# CS计算机代考程序代写 algorithm decision tree cache IEOR 142: Introduction to Machine Learning and Data Analytics, Spring 2021

IEOR 142: Introduction to Machine Learning and Data Analytics, Spring 2021
Name:
Instructions:
Practice Midterm Exam 2
March 2021
1. Answer the questions in the spaces provided on the question sheets. If you run out of room for an answer, continue on the back of the page.
2. You are allowed one (double sided) 8.5 x 11 inch note sheet and a simple pocket calculator. The use of any other note sheets, textbook, computer, cell phone, other electronic device besides a simple pocket calculator, or other study aid is not permitted.
3. You will have until 5:00PM to turn in the exam.
expression involving simple arithmetic operations (such as 2(1) + 1(0.7)).
5. Good luck!
1

IEOR 142 Practice Midterm Exam, Page 2 of 15 March 2021
1 True/False and Multiple Choice Questions – 48 Points
Instructions: Please circle exactly one response for each of the following 16 questions. Each question is worth 3 points. There will be no partial credit for these questions.
1. In logistic regression, it is assumed that the dependent variable Y corresponds to a probability value in the interval [0, 1].
A. True B. False
Call:
lm(formula = PRP ~ MYCT + MMIN + MMAX + CACH + CHMIN + CHMAX,
data = train.cpu)
Residuals:
Min 1Q Median 3Q Max
-168.674 -15.280 1.707 20.551 229.450
Coefficients:
Estimate Std. Error t value
Pr(>|t|)
0.00181 **
0.08437 .
(Intercept) -28.27
MYCT 0.02895
MMIN 0.01806
MMAX 0.002705
CACH 0.6985
CHMIN 2.906
CHMAX 0.3732

8.888105 -3.18
0.016653
0.001742
0.000695
0.139216
0.969768
0.276328
1.74
10.37 < 0.0000000000000002 *** 3.89 5.02 3.00 1.35 0.00015 *** 0.0000016 *** 0.00323 ** 0.17897 Signif. codes: 0 ‘***’ 0.001 ‘**’ 0.01 ‘*’ 0.05 ‘.’ 0.1 ‘ ’ 1 Residual standard error: 48.67 on 138 degrees of freedom Multiple R-squared: 0.88, Adjusted R-squared: 0.8748 F-statistic: 168.7 on 6 and 138 DF, p-value: < 0.00000000000000022 The training data was further used to compute a correlation table, the output of which is given below. > cor(train.cpu)
MYCT MMIN MMAX CACH CHMIN CHMAX PRP
MYCT 1.0000000 -0.3248537 -0.4116224 -0.3358850 -0.3046321 -0.2948241 -0.3240128
MMIN -0.3248537 1.0000000 0.7968010 0.5795231 0.5764991 0.2821091 0.8907329
MMAX -0.4116224 0.7968010 1.0000000 0.5445642 0.5800799 0.3708809 0.8150132
CACH -0.3358850 0.5795231 0.5445642 1.0000000 0.5731102 0.3622669 0.6974907
CHMIN -0.3046321 0.5764991 0.5800799 0.5731102 1.0000000 0.5812387 0.6887875
CHMAX -0.2948241 0.2821091 0.3708809 0.3622669 0.5812387 1.0000000 0.4107311
PRP -0.3240128 0.8907329 0.8150132 0.6974907 0.6887875 0.4107311 1.0000000
Furthermore, variance inflation factors for the independent variables in the linear regression model were also computed.
> vif(mod1)
MYCT MMIN MMAX CACH CHMIN CHMAX
1.258289 3.139825 3.138405 1.777128 2.292270 1.589360

IEOR 142 Practice Midterm Exam, Page 8 of 15 March 2021
(a) (4 points) A CPU manufacturer is considering a new model with machine cycle time of 75 nanosec- onds, minimum main memory of 2,500 kilobytes, maximum main memory of 10,000 kilobytes, cache memory of 30 kilobytes, a minimum of 4 channels and a maximum of 8 channels. Use the R output on the previous pages to make a prediction for the published relative performance of the proposed CPU model.
(b) (4 points) Is there a high degree of multicollinearity present in the training set? On what have you based your answer?

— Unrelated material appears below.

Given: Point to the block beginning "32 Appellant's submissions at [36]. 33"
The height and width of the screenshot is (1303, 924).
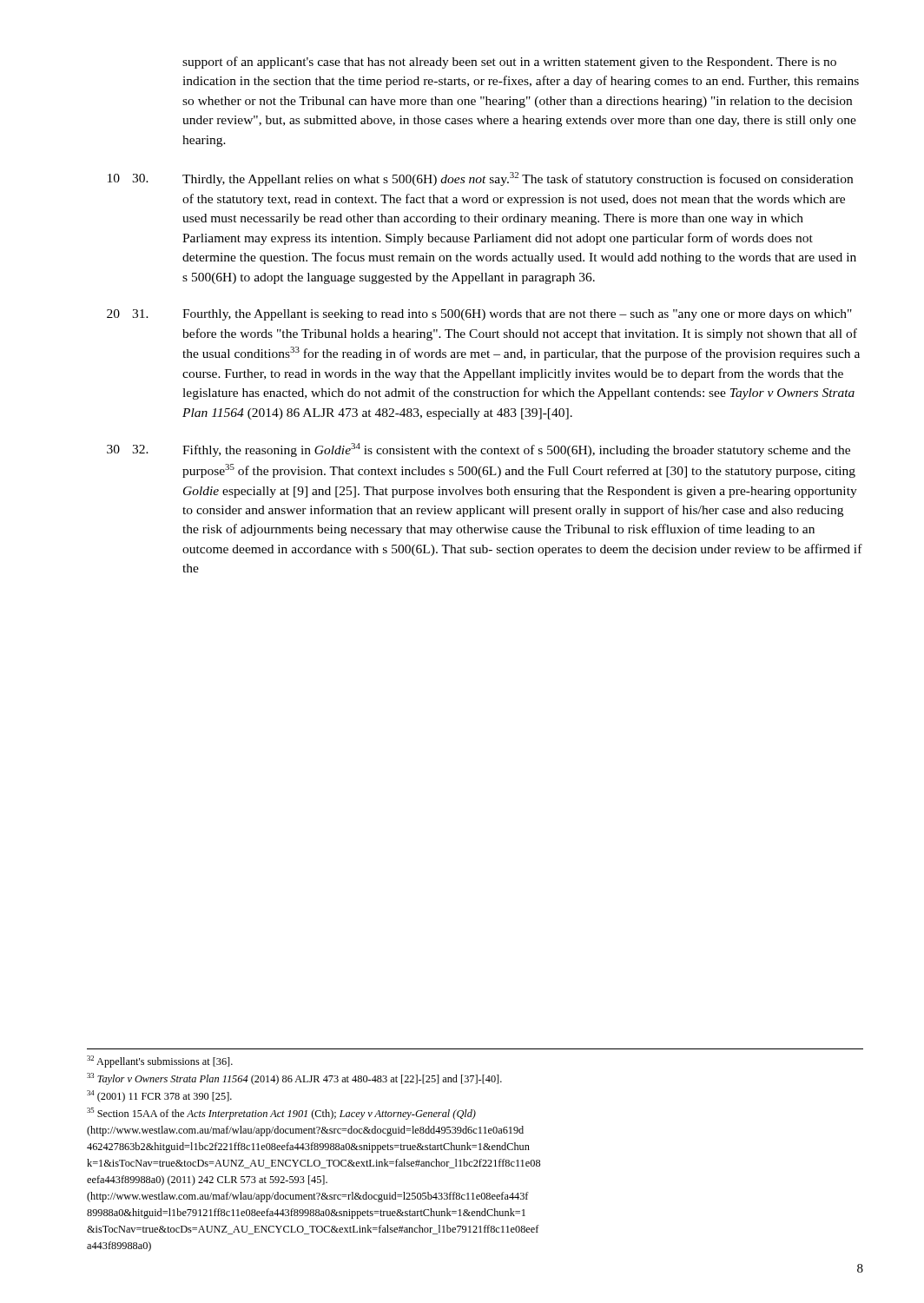Looking at the screenshot, I should (475, 1154).

IEOR 142 Practice Midterm Exam, Page 9 of 15 March 2021 (c) (4 points) Based on the R output on the previous pages, is there enough evidence to conclude that
the true coefficient corresponding to CHMAX is not equal to 0? On what have you based your answer?
(d) (4 points) Consider adding a new independent variable to the model called CHAVG, which is defined as CHAVG = (CHMIN + CHMAX)/2. Is it possible for this new variable to improve the linear regression model for predicting PRP? Explain your answer.
(e) (4 points) Consider adding a new independent variable to the model called CACHSQUARED, which is defined as CACHSQUARED = (CACH)2. Is it possible for this new variable to improve the linear regression model for predicting PRP? Explain your answer.

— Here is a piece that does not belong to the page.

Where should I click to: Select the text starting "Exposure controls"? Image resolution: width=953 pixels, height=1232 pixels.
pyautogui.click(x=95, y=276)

IEOR 142 Practice Midterm Exam, Page 10 of 15 March 2021
2. (10 points) Please answer the following two questions concerning Bagging and Random Forests.
(a) (5 points) Andrew has ambitiously tried to write his own code for Bagging (Bootstrap Aggregation) of CART models. Unfortunately, he has a bug in his code when generating the bootstrap datasets because he accidentally implemented sampling without replacement (instead of sampling with re- placement). You may assume that there are no other bugs in the Bagging code. Andrew is now preparing to run some experiments on several different datasets (both regression and classification problems) in order to compare the test set performance of his Bagging implementation with that of the basic CART method with cp = 0 and all other parameters set to their default values. You may also assume that these other parameters for CART are set to the same default values within the Bagging code. What do you expect the results of Andrew’s experiments to be? In other words, how do you expect the test set performance of Andrew’s Bagging implementation to compare to that of CART with cp = 0? Briefly explain your response.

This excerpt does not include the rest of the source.